Tag Archives: Model Predictive Control

Improving sample efficiency under sparse rewards and large continuous action spaces through predictive control in RL

Antonyshyn, L., Givigi, S., Deep Model-Based Reinforcement Learning for Predictive Control of Robotic Systems with Dense and Sparse Rewards, J Intell Robot Syst 110, 100 (2024) DOI: 10.1007/s10846-024-02118-y.

Sparse rewards and sample efficiency are open areas of research in the field of reinforcement learning. These problems are especially important when considering applications of reinforcement learning to robotics and other cyber-physical systems. This is so because in these domains many tasks are goal-based and naturally expressed with binary successes and failures, action spaces are large and continuous, and real interactions with the environment are limited. In this work, we propose Deep Value-and-Predictive-Model Control (DVPMC), a model-based predictive reinforcement learning algorithm for continuous control that uses system identification, value function approximation and sampling-based optimization to select actions. The algorithm is evaluated on a dense reward and a sparse reward task. We show that it can match the performance of a predictive control approach to the dense reward problem, and outperforms model-free and model-based learning algorithms on the sparse reward task on the metrics of sample efficiency and performance. We verify the performance of an agent trained in simulation using DVPMC on a real robot playing the reach-avoid game. Video of the experiment can be found here: https://youtu.be/0Q274kcfn4c.

Integrating the physical model of a Model Predictive Controller into an Actor-Critic RL framework to improve safety and flexibility at the same time

Angel Romero, Yunlong Song, Davide Scaramuzza, Actor-Critic Model Predictive Control, IEEE International Conference on Robotics and Automation, Yokohama, 2024 arXiv:2306.09852 [cs.RO].

An open research question in robotics is how
to combine the benefits of model-free reinforcement learning
(RL)—known for its strong task performance and flexibility in
optimizing general reward formulations—with the robustness
and online replanning capabilities of model predictive control
(MPC). This paper provides an answer by introducing a new
framework called Actor-Critic Model Predictive Control. The
key idea is to embed a differentiable MPC within an actor-
critic RL framework. The proposed approach leverages the
short-term predictive optimization capabilities of MPC with
the exploratory and end-to-end training properties of RL. The
resulting policy effectively manages both short-term decisions
through the MPC-based actor and long-term prediction via
the critic network, unifying the benefits of both model-based
control and end-to-end learning.
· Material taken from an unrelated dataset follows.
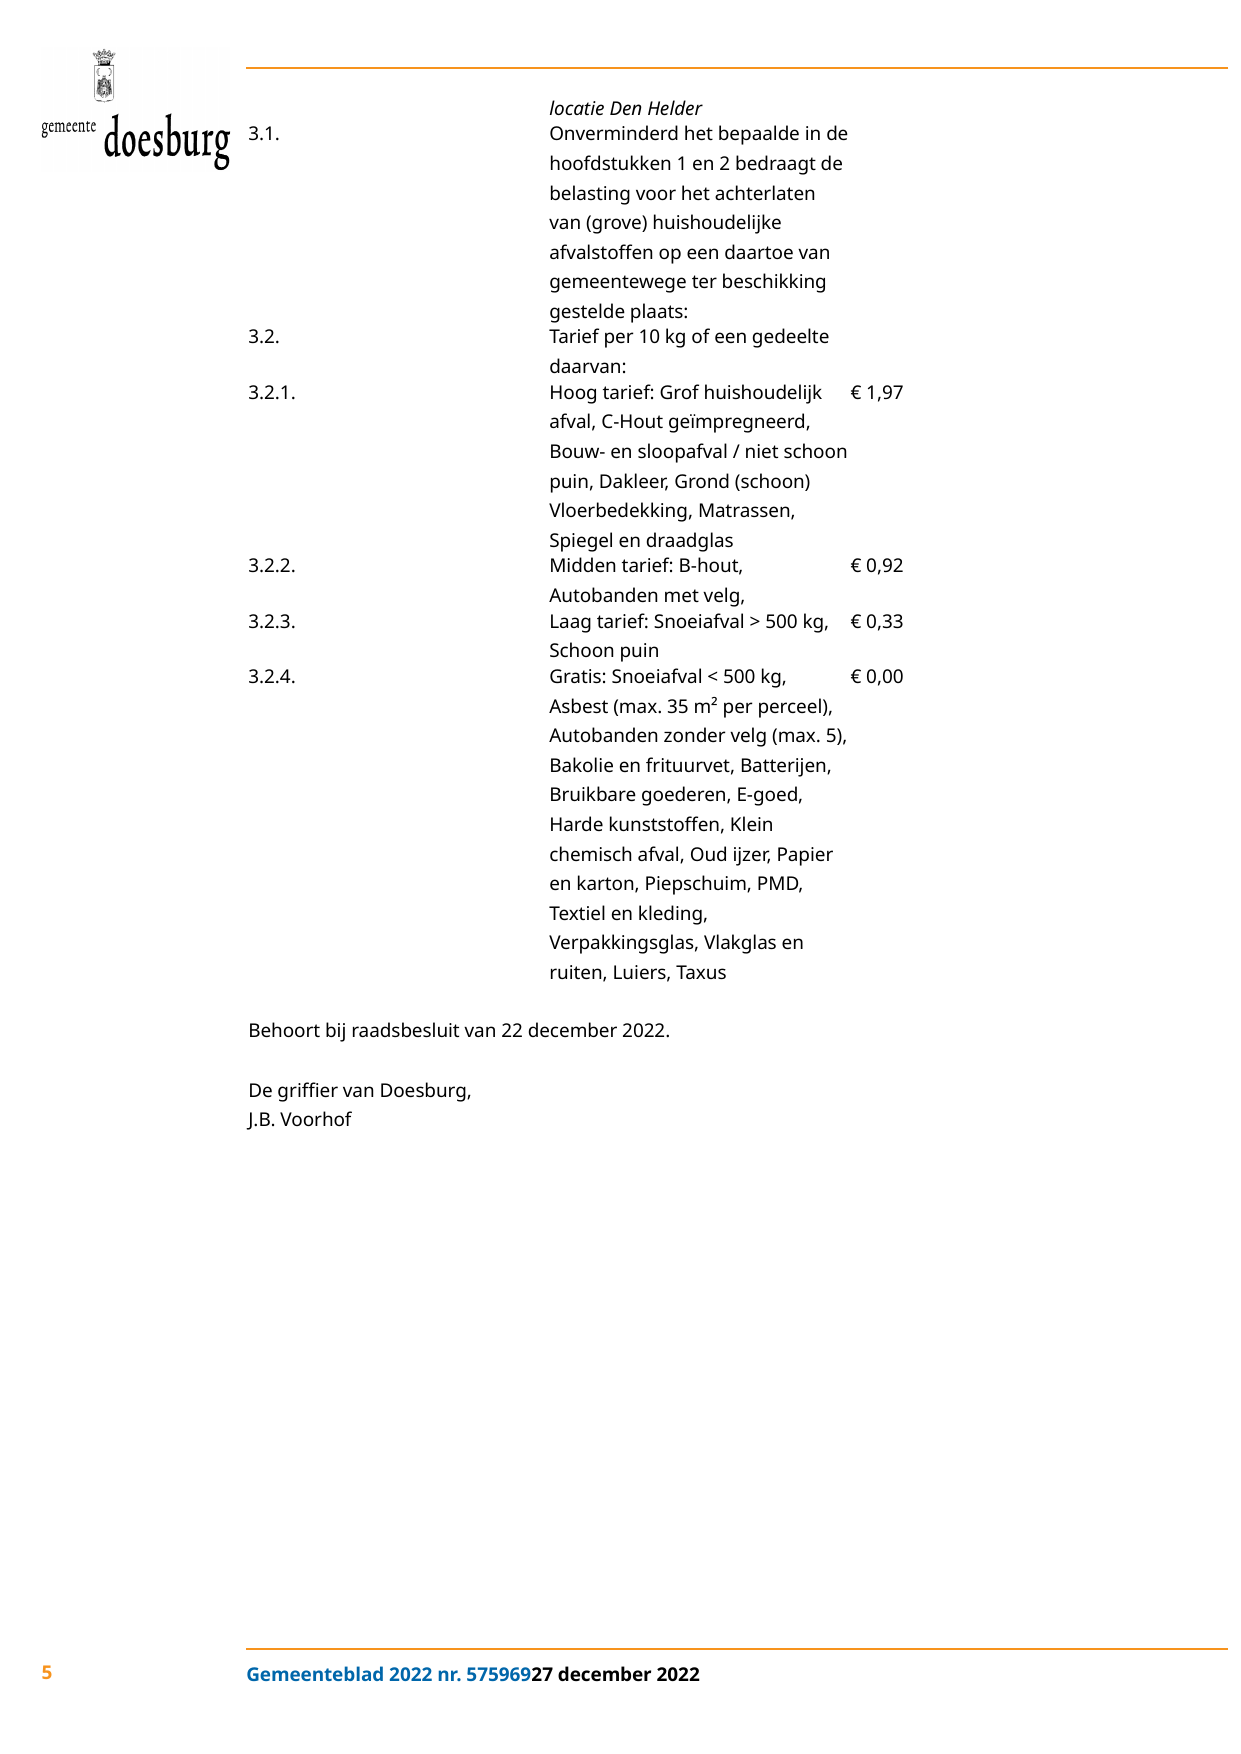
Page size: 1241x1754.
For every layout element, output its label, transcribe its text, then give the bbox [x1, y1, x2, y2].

We validate our method in
both simulation and the real world with a quadcopter platform
across various high-level tasks. We show that the proposed
architecture can achieve real-time control performance, learn
complex behaviors via trial and error, and retain the predictive
properties of the MPC to better handle out of distribution
behaviour.

A MPC-based (non-POMDP) approach to sequential decision planning with partial observability in continuous time and space

Nishimura H, Schwager M., SACBP: Belief space planning for continuous-time dynamical systems via stochastic sequential action control, . The International Journal of Robotics Research. 2021;40(10-11):1167-1195 DOI: 10.1177/02783649211037697.

We propose a novel belief space planning technique for continuous dynamics by viewing the belief system as a hybrid dynamical system with time-driven switching. Our approach is based on the perturbation theory of differential equations and extends sequential action control to stochastic dynamics. The resulting algorithm, which we name SACBP, does not require discretization of spaces or time and synthesizes control signals in near real-time. SACBP is an anytime algorithm that can handle general parametric Bayesian filters under certain assumptions. We demonstrate the effectiveness of our approach in an active sensing scenario and a model-based Bayesian reinforcement learning problem. In these challenging problems, we show that the algorithm significantly outperforms other existing solution techniques including approximate dynamic programming and local trajectory optimization.